**Try it**: What is the count of lines in the listing below that hold the string "stroke"? Reply with that number alone.

=-=-=-=-=

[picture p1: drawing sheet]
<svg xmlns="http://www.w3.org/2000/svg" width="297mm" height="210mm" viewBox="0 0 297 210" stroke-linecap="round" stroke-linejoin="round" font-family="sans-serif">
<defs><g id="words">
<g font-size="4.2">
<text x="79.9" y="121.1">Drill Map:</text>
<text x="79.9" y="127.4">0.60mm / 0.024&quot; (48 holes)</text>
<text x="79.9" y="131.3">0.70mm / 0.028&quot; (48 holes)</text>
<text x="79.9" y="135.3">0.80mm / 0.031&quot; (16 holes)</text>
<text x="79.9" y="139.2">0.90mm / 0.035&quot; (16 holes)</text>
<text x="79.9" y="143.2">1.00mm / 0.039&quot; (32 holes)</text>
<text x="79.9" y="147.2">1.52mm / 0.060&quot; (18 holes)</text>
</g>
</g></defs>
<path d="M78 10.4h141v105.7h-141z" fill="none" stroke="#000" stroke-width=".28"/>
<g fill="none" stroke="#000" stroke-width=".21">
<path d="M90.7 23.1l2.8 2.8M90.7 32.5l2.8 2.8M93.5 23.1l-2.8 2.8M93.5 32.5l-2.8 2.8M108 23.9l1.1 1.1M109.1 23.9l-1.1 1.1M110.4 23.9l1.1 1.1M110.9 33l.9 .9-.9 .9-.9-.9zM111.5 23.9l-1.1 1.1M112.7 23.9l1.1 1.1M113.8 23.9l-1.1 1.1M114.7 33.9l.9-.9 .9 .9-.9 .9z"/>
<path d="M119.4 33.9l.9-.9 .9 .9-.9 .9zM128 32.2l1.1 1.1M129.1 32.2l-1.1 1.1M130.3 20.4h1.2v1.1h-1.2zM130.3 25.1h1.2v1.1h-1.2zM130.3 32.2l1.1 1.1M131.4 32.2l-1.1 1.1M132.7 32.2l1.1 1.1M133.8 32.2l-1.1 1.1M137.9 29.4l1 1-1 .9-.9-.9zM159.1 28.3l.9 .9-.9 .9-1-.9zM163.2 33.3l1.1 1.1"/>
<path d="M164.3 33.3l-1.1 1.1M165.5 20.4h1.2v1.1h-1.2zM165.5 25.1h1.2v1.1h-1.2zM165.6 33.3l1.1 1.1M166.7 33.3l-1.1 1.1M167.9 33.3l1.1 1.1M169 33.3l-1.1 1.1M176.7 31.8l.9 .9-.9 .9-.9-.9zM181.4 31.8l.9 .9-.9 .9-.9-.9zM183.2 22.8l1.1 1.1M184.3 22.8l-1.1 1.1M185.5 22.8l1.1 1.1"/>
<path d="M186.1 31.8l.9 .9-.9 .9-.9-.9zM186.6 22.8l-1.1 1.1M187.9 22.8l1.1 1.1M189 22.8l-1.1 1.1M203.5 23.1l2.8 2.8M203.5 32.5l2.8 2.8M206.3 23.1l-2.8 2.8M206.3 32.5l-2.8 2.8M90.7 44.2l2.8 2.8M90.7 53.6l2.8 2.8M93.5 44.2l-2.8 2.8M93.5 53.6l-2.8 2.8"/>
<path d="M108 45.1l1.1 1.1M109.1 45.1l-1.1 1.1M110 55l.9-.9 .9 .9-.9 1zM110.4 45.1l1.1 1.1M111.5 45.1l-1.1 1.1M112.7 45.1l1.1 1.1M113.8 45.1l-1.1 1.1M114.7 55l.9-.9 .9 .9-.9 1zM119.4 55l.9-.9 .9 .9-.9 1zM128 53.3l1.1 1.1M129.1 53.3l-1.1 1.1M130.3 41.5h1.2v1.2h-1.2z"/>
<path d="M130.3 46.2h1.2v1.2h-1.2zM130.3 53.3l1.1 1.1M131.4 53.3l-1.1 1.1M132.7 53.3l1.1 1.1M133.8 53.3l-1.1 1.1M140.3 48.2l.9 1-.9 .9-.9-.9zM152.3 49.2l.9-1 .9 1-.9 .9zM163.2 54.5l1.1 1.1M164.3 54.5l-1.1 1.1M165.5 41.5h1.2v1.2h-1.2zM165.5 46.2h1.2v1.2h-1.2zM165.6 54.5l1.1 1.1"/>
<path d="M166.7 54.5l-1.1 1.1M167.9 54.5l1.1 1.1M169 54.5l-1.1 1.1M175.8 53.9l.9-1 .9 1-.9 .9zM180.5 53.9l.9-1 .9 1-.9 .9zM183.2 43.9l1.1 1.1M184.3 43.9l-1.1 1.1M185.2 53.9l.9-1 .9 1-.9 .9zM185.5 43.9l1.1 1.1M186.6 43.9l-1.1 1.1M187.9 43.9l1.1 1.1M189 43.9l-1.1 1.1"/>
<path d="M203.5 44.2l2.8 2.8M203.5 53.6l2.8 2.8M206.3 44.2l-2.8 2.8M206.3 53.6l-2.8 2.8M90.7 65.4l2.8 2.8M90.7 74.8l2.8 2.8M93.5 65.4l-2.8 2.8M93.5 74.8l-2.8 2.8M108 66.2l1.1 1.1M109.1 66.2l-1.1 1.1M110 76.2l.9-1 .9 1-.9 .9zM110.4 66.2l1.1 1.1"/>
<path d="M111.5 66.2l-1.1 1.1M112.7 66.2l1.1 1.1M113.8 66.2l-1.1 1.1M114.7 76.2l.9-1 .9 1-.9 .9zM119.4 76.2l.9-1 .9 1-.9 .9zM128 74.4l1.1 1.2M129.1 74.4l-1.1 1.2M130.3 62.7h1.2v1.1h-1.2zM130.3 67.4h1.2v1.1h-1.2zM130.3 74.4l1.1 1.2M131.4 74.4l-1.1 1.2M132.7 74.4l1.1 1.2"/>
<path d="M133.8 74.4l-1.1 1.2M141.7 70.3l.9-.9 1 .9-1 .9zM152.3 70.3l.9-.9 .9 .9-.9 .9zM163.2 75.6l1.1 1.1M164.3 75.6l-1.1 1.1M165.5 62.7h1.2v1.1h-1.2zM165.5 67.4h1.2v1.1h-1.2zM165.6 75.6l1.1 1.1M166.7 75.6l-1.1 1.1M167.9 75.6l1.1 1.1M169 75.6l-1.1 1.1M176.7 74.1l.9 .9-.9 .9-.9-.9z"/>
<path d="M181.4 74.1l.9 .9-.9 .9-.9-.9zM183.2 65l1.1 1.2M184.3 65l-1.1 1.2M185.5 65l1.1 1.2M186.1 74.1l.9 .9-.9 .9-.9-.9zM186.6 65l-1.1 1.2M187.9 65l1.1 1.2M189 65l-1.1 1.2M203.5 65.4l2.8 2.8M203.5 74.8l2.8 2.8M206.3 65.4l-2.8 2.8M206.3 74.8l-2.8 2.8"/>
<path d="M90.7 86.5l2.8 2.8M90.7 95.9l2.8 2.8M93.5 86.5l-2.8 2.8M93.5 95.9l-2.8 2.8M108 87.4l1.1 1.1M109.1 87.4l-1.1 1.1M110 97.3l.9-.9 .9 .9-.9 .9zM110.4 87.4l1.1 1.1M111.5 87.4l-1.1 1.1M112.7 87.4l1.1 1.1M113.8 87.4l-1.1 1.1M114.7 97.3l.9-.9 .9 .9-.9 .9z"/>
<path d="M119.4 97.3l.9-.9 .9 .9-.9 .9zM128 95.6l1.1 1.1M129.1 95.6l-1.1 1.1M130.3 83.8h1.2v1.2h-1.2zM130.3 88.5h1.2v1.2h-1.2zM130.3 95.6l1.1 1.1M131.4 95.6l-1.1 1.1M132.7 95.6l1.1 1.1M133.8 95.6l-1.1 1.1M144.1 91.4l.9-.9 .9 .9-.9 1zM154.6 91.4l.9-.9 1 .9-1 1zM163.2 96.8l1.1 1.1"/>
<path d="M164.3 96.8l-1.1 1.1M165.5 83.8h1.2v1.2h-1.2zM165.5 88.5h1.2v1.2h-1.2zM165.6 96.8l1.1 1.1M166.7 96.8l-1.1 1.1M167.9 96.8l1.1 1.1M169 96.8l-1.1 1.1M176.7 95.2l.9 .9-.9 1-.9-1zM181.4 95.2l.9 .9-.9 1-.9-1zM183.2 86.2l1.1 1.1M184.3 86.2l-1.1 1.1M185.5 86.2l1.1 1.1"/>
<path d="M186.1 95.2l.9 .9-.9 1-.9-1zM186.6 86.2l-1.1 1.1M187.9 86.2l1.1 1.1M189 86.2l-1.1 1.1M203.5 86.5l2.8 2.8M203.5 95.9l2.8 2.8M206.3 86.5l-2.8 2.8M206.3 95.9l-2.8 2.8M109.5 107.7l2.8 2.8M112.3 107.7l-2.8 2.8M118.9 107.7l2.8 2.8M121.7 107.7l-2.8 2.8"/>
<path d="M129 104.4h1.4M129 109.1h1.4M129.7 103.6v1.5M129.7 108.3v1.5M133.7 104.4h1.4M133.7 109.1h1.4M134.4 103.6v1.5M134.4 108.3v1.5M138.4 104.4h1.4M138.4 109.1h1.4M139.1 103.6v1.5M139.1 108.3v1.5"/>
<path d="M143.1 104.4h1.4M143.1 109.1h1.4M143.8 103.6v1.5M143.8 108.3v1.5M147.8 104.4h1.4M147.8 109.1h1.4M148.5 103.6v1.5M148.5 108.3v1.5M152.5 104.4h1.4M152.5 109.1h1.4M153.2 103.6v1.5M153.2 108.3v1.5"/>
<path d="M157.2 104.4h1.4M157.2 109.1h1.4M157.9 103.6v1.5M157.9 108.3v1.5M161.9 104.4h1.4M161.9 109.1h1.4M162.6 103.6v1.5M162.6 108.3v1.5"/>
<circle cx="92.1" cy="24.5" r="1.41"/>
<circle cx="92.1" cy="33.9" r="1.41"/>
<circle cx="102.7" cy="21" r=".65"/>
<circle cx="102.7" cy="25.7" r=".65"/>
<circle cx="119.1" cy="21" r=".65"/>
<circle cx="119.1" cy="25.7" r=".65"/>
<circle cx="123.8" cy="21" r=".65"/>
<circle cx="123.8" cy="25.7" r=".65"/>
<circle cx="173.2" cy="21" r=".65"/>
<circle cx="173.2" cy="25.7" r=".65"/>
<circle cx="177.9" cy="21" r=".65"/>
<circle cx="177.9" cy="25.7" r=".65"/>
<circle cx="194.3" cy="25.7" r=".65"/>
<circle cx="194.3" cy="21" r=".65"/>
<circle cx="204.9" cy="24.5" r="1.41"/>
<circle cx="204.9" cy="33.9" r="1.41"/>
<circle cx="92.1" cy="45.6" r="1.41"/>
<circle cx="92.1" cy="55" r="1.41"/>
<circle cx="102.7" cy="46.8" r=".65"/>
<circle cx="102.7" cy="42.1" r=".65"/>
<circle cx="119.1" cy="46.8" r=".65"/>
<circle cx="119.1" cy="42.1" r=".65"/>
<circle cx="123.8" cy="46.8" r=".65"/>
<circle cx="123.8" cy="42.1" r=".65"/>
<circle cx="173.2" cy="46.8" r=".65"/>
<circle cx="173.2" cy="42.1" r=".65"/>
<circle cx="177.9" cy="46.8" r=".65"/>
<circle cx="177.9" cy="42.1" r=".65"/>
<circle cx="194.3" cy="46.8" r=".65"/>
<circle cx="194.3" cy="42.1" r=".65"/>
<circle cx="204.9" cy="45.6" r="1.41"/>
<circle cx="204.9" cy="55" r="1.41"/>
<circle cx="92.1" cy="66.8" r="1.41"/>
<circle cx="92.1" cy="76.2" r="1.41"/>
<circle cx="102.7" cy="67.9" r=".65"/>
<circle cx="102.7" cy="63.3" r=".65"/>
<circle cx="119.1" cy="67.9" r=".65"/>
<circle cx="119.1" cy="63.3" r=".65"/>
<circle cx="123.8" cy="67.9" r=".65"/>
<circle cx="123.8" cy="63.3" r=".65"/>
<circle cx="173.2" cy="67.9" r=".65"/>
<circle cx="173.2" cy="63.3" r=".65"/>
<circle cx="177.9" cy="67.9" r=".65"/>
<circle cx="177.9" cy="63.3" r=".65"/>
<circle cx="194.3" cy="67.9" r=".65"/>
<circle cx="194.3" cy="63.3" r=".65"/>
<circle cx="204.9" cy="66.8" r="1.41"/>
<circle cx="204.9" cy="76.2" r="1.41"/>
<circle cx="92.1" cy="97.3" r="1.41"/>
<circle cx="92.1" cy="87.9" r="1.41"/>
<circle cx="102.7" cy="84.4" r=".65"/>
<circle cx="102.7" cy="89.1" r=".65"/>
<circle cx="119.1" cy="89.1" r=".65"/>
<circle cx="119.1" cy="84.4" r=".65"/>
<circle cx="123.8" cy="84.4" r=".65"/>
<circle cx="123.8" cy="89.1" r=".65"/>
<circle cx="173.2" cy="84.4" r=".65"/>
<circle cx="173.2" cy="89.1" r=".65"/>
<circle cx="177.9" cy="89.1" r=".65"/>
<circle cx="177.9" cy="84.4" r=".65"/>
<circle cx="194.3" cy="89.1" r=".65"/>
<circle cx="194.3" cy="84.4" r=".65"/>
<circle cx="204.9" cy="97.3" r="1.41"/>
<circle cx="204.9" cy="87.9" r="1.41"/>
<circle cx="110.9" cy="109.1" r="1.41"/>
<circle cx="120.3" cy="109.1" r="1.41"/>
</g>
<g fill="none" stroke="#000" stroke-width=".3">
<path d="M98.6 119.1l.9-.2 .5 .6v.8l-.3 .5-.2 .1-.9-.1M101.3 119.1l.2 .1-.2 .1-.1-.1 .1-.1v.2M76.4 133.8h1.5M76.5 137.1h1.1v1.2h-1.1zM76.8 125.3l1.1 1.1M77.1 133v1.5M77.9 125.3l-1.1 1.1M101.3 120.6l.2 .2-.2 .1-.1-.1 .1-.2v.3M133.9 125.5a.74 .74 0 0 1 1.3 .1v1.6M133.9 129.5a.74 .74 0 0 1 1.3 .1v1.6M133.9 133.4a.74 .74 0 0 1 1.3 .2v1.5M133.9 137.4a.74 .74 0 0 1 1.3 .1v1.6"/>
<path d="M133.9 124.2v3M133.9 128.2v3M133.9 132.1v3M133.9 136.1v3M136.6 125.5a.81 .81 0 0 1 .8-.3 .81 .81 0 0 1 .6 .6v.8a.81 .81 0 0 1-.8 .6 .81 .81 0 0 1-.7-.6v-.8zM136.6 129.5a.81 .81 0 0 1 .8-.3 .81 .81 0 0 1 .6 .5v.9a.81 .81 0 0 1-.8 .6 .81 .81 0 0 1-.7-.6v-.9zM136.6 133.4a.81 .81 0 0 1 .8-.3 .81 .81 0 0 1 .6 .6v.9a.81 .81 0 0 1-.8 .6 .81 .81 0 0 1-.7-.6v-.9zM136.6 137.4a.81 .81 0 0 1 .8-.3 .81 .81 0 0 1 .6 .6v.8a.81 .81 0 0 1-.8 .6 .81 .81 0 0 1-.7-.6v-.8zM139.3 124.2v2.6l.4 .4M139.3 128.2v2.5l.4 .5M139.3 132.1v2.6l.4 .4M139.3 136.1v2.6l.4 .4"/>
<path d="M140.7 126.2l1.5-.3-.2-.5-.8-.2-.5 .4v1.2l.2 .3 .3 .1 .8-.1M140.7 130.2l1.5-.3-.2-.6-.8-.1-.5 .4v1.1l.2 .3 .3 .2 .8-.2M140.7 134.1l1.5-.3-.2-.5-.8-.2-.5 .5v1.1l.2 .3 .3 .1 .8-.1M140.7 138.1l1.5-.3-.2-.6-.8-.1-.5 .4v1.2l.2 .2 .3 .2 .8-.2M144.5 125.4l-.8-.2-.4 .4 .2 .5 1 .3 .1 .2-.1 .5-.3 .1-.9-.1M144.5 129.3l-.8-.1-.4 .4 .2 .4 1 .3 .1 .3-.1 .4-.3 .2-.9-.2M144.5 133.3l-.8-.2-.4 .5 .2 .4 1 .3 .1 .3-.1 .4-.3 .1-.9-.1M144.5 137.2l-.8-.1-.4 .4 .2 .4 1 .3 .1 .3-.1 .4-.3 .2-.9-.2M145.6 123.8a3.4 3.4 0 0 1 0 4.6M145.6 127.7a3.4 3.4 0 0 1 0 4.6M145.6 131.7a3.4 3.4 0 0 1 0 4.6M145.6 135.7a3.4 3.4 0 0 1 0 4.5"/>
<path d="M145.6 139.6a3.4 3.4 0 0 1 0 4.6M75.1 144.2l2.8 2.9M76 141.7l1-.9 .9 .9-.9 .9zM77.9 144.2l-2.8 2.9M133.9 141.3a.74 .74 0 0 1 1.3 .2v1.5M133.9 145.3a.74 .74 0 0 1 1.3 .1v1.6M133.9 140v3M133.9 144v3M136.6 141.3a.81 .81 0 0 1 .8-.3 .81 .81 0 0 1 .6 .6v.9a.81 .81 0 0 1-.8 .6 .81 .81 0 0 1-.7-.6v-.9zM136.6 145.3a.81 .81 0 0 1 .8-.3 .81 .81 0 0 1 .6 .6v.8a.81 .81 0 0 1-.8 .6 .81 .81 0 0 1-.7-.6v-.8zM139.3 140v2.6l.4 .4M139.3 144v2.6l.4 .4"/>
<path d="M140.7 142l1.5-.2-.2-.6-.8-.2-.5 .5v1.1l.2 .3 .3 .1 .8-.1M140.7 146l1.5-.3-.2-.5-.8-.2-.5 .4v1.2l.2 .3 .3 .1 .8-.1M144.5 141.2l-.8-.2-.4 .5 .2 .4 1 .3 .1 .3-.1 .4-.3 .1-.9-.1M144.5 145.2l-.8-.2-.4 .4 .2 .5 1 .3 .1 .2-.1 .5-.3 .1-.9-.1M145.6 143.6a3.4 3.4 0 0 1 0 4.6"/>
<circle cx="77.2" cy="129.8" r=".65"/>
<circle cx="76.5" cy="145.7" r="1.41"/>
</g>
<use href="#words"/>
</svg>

=-=-=-=-=

**Answer below**: 4